▶ EXERCISE BRIEF: A verbatim printing of the entries that follow is needed; pictures must not appear in it.

┏━━

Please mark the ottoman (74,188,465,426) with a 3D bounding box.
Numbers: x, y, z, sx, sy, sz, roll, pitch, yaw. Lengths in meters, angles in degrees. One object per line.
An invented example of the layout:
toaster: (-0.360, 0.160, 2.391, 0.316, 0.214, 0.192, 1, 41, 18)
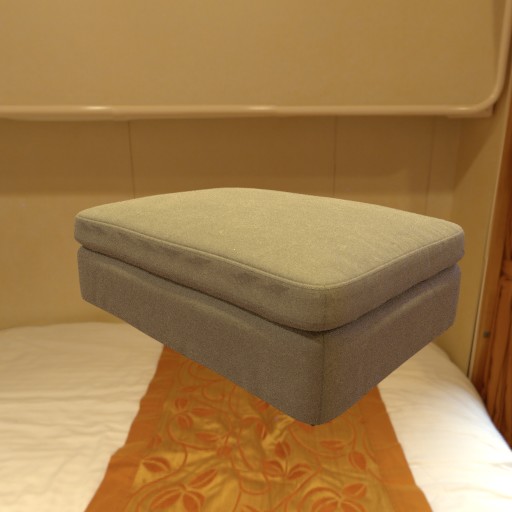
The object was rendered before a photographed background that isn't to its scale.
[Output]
ottoman: (0.000, 0.000, 1.603, 1.199, 0.429, 0.840, 15, 22, 42)

┗━━

▶ WRITTEN RESPONSE:
Please mark the ottoman (74,188,465,426) with a 3D bounding box.
Numbers: x, y, z, sx, sy, sz, roll, pitch, yaw. Lengths in meters, angles in degrees. One object per line.
An invented example of the layout:
toaster: (-0.360, 0.160, 2.391, 0.316, 0.214, 0.192, 1, 41, 18)
The object was rendered before a photographed background that isn't to its scale.
[Output]
ottoman: (0.000, 0.000, 1.603, 1.199, 0.429, 0.840, 15, 22, 42)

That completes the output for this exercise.